Strictly speaking, that statement is at least partially false. New Yorkers are smart enough not to root for the Cubs, for example, so at least their anti-masochist synapses are firing. The real issue is that you can’t tell who really is insane anymore. It used to be easy: people talking to invisible pan-dimensional beings and hyperintelligent shades of blue were insane, and most everyone else not actively murdering people was basically okay. Nowadays, though, the people in the business suits have cell phones, and these cell phones have miniscule ear-mounted mic/earphone combos, so you are greeted with, for example, the sharp woman in a $1000 business suit I saw this morning who was having a lively conversation with a rather bored parking meter. This is a common enough experience that most New Yorkers try to get used to it by consuming copious amounts of sissified alcoholic beverages with names like “the Orange Sunrise Flamingo,” which is about 9 parts orange juice to 1 part Bacardi Citron served with a full-size umbrella for $15 plus tax, which comes to $28. The semblance of insanity therefore is the norm in New York.

The assumption that everyone is insane has lots of perks, but the one I want to focus on today is that no one cares how you dress.

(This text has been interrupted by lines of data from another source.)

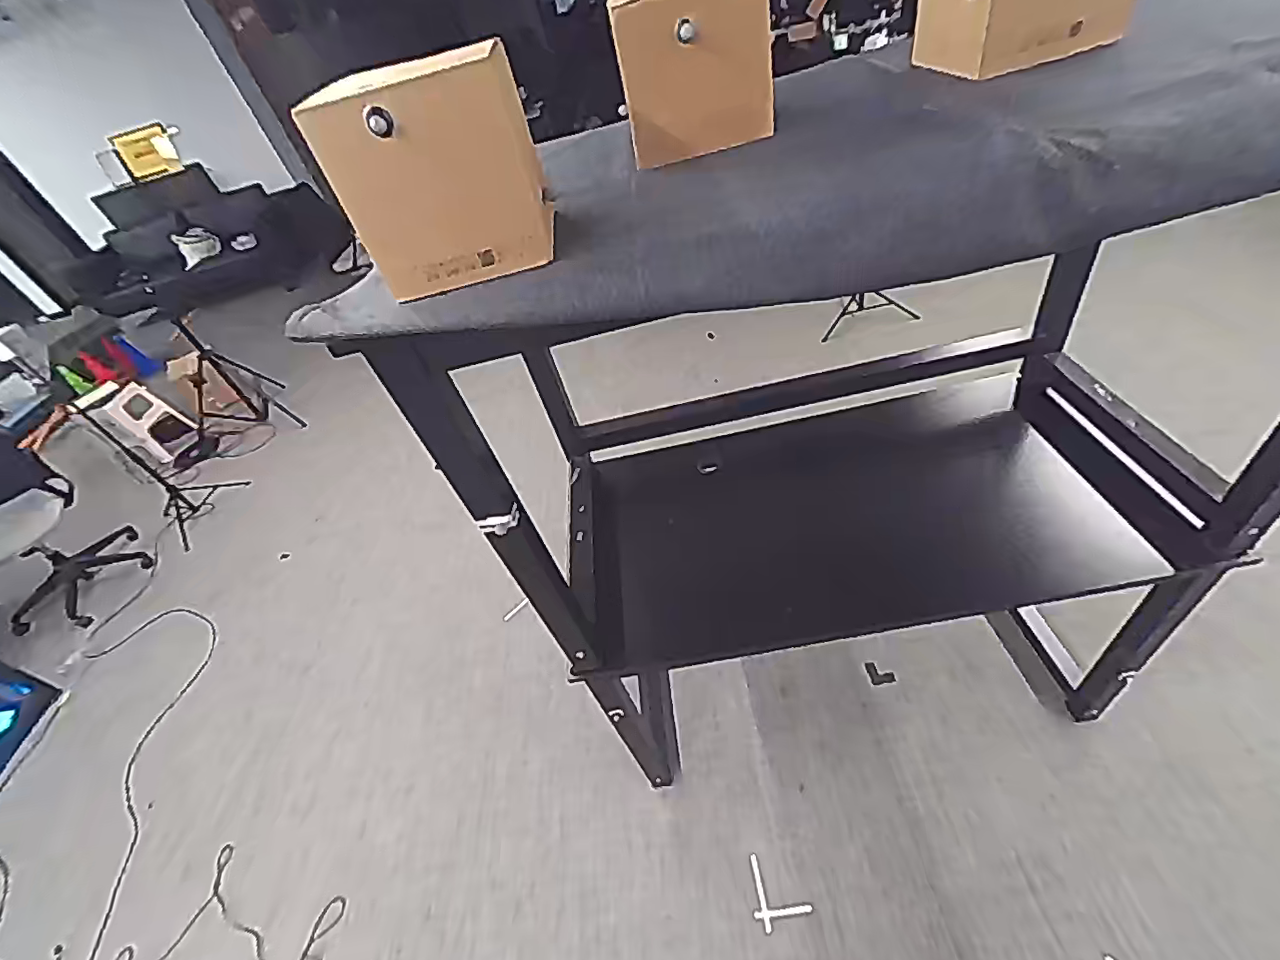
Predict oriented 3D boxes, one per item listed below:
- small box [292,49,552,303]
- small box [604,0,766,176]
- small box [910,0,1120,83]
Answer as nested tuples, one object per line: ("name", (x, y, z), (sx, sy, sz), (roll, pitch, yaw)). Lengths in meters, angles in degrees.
("small box", (-0.193, -0.302, 0.541), (0.168, 0.176, 0.179), (-14, 42, 3))
("small box", (0.059, -0.517, 0.687), (0.179, 0.176, 0.168), (-12, 44, 7))
("small box", (0.449, -0.602, 0.647), (0.168, 0.176, 0.179), (-13, 44, 4))
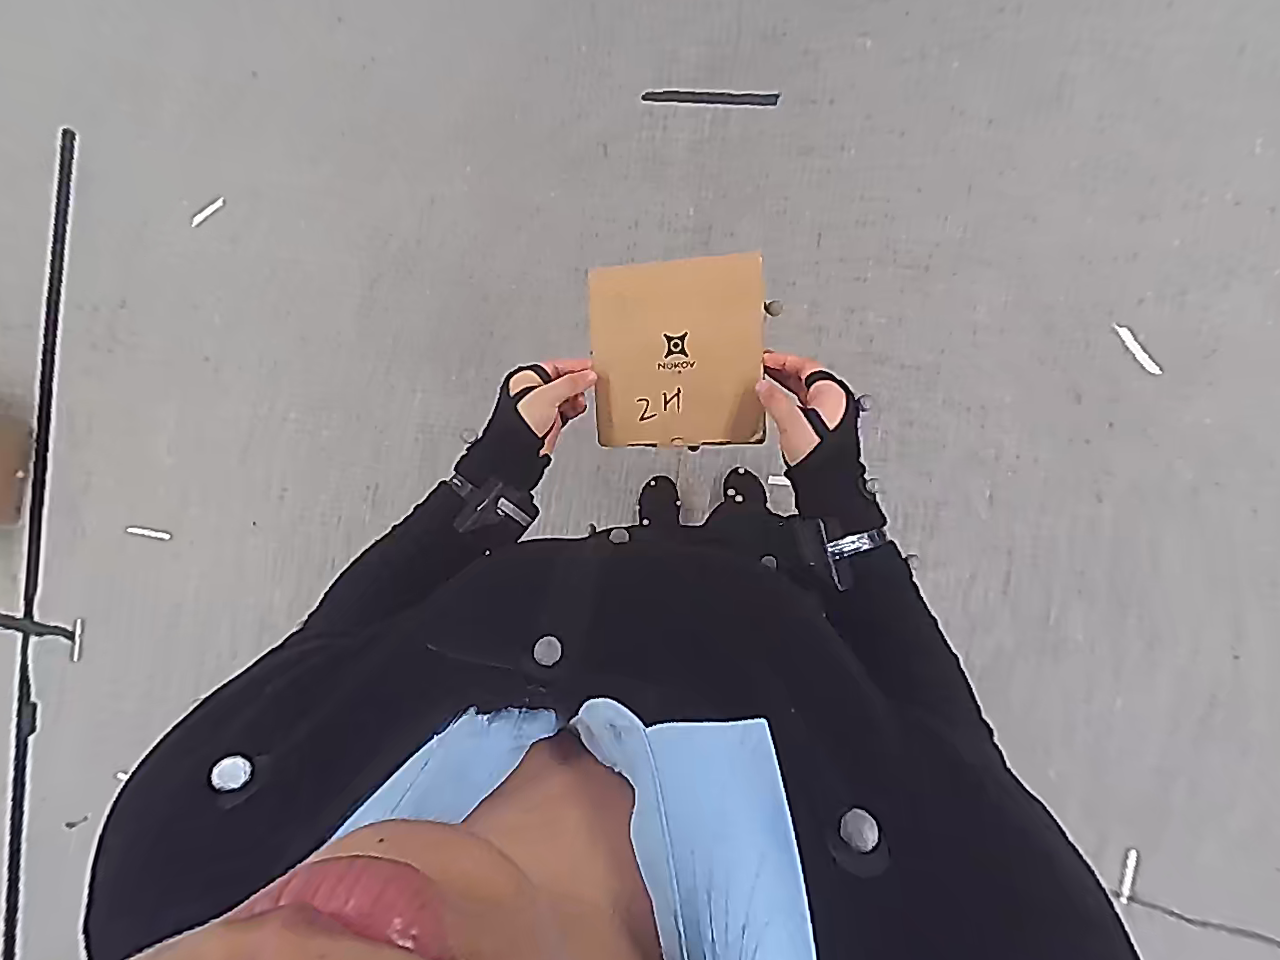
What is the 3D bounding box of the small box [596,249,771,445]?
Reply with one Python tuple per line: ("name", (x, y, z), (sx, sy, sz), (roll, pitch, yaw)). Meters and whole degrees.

This concept isn’t hard to understand: when everyone’s insane, it’s impossible to go wrong. Simple.

This can work to your advantage in the extreme. The Marymount, in addition to busting people for having parties, going to the roof, letting guests exit the building without escort, walking too quickly, going to the bathroom too noisily, and using the garbage chute to dispose of mobsters without first asking permission, also has the largest single collection of broken washing machines and dryers in the greater New York area. Last night, I had to do laundry, so I thought, hey, I’ll do the laundry. (I can be very impulsive sometimes.) I started at 11 PM, so I should have been done by 12:30 AM and finished sorting by 1 AM.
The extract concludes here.